# Selling used things



## Septi (Feb 27, 2016)

We are soon leaving the country and would like to get rid of a number of our things, specifically furniture and appliances. Does anyone know of any websites where we can sell used things off in Barcelona quickly and efficiently?

(We also see that these forums have a Classifields section, available for premium users. We're still considering that, but would also love to have a few more options.)


----------



## Madliz (Feb 4, 2011)

Wallapop's great for local sales https://www.wallapop.com/, MilAnuncios MIL ANUNCIOS.COM: segunda mano, anuncios gratis, empleo, clasificados... and local Facebook pages can be good. There are several FB pages to sell your stuff in Madrid and I imagine you'll find the same in Barcelona, in several languages.

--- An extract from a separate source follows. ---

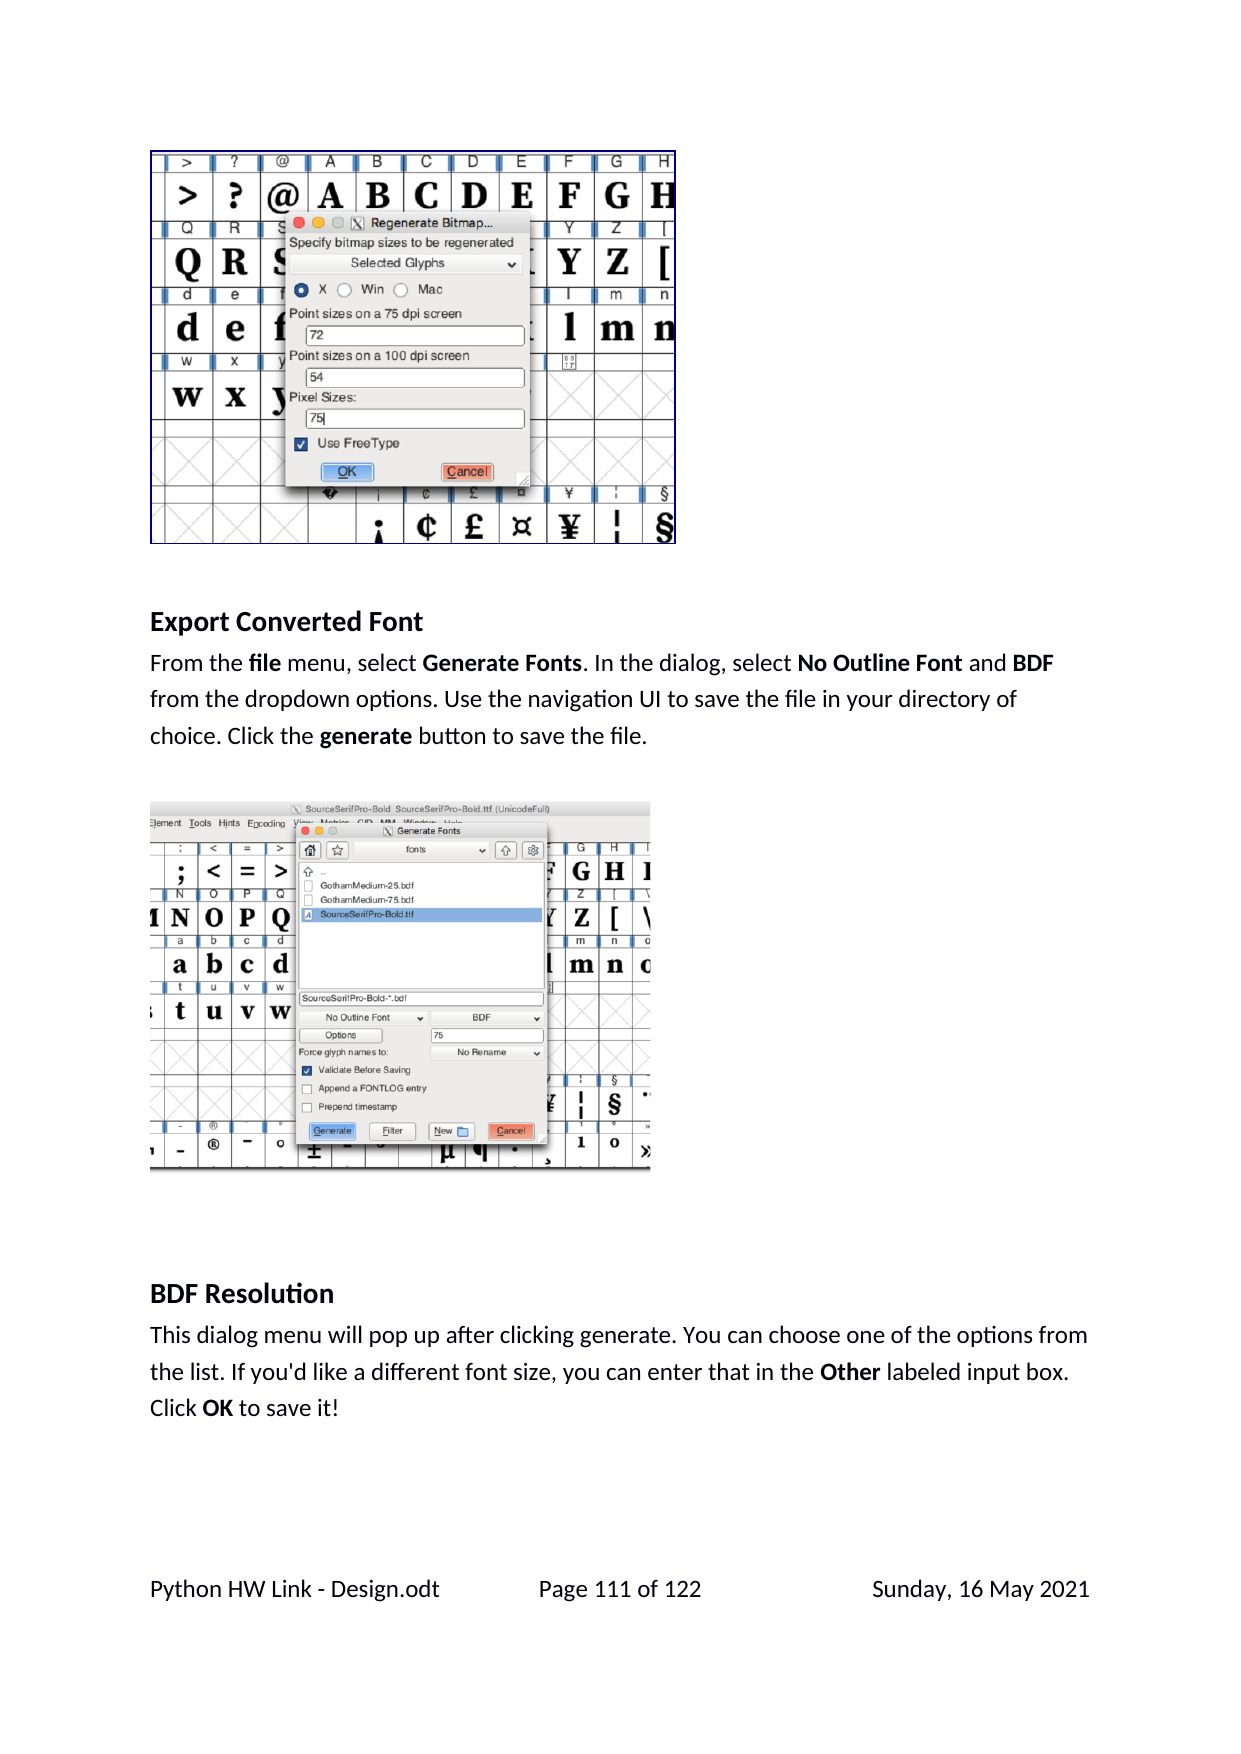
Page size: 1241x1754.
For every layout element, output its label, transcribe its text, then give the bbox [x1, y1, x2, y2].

It's funny, I just read an article yesterday about how Russians are leaving Barcelona:
La depreciación del rublo obliga a los rusos a vender sus casas en Barcelona

Good luck with your sales and the future.


----------



## AllHeart (Nov 22, 2013)

Another really good one is segundamano, which has changed to http://www.vibbo.com/.


----------



## Lily91 (Mar 10, 2016)

I can absolutely recommend vibbo as the former post already mentions! 

Usually, I find somebody pretty fast through that page.


----------